I get this table as output:
Which I can then use in PowerBI. For example, in a table like this:
P.S. I noticed that when using this in PowerQuery from within Excel only and not from within PowerBI, I need to explicitly change the type for the date fields or else the merge won't work right and the Quantity numbers won't appear.

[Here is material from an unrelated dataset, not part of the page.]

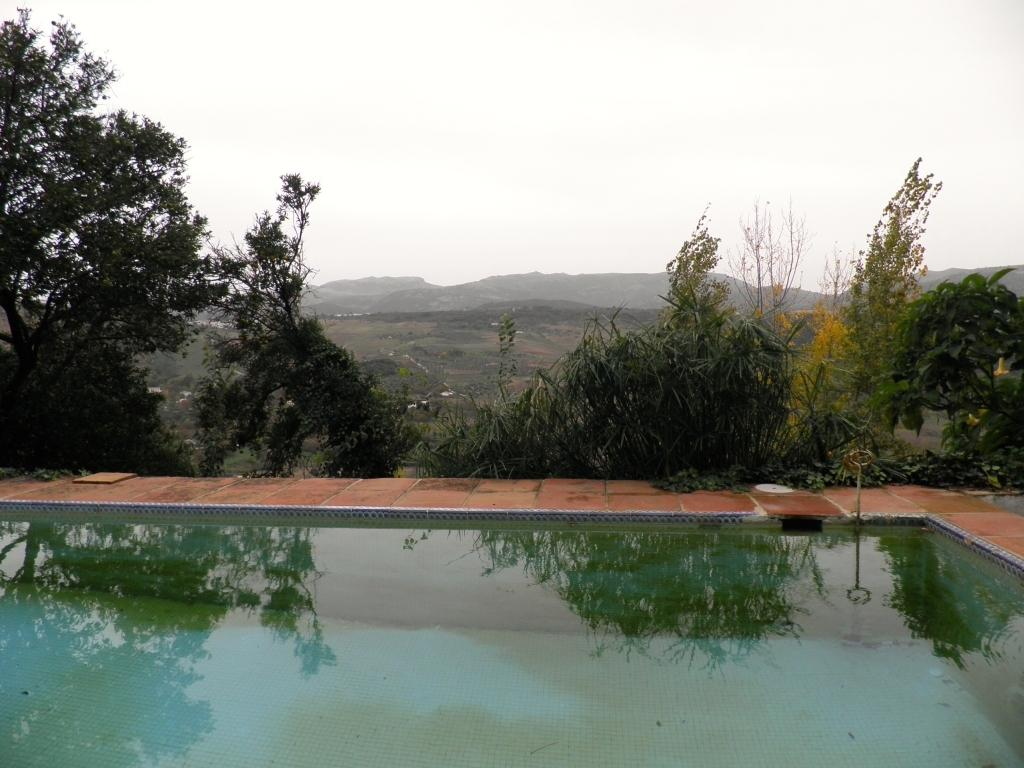What can be seen in the sky in the image? The sky is visible in the image, but no specific details about the sky are mentioned. What type of landscape feature is present in the image? There are hills in the image. What is visible at the bottom of the image? The ground is visible in the image. What type of vegetation can be seen in the image? There are trees in the image. What type of recreational feature is present in the image? There is a swimming pool in the image. What type of basin is visible in the image? There is no basin present in the image. What is the chance of rain in the image? The image does not provide any information about the weather or the chance of rain. 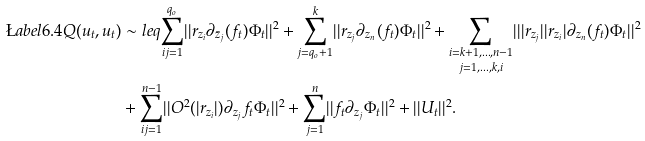<formula> <loc_0><loc_0><loc_500><loc_500>\L a b e l { 6 . 4 } Q ( u _ { t } , u _ { t } ) & \sim l e q \underset { i j = 1 } { \overset { q _ { o } } \sum } | | r _ { z _ { i } } \partial _ { \bar { z } _ { j } } ( f _ { t } ) \Phi _ { t } | | ^ { 2 } + \underset { j = q _ { o } + 1 } { \overset { k } { \sum } } | | r _ { z _ { j } } \partial _ { z _ { n } } ( f _ { t } ) \Phi _ { t } | | ^ { 2 } + \underset { j = 1 , \dots , k , i } { \underset { i = k + 1 , \dots , n - 1 } \sum } | | | r _ { z _ { j } } | | r _ { z _ { i } } | \partial _ { z _ { n } } ( f _ { t } ) \Phi _ { t } | | ^ { 2 } \\ & + \underset { i j = 1 } { \overset { n - 1 } \sum } | | O ^ { 2 } ( | r _ { z _ { i } } | ) \partial _ { z _ { j } } f _ { t } \Phi _ { t } | | ^ { 2 } + \underset { j = 1 } { \overset { n } { \sum } } | | f _ { t } \partial _ { z _ { j } } \Phi _ { t } | | ^ { 2 } + | | U _ { t } | | ^ { 2 } .</formula>

So if doing this only from within Excel and not within PowerBI, this code change seems to work:
let
Source = Excel.CurrentWorkbook(){[Name="Table2"]}[Content],
#"Changed Type" = Table.TransformColumnTypes(Source,{{"Date", type date}}),
#"Generate Dates" = List.Generate(()=> Date.From(List.Min(#"Changed Type"[Date])), each _ <= Date.From(List.Max(#"Changed Type"[Date])), each Date.AddDays(DateTime.Date(_), 1)),
#"Converted to Table" = Table.FromList(#"Generate Dates", Splitter.SplitByNothing(), {"Date"}, null, ExtraValues.Error),
#"Changed Type1" = Table.TransformColumnTypes(#"Converted to Table",{{"Date", type date}}),
#"Merged Queries" = Table.NestedJoin(#"Changed Type1",{"Date"},#"Changed Type",{"Date"},"Converted to Table",JoinKind.LeftOuter),
#"Expanded Converted to Table" = Table.ExpandTableColumn(#"Merged Queries", "Converted to Table", {"Quantity"}, {"Quantity"})
in
#"Expanded Converted to Table"
Of course, it probably wouldn't hurt to explicitly assign the date types when working within PowerBI as well...just in case.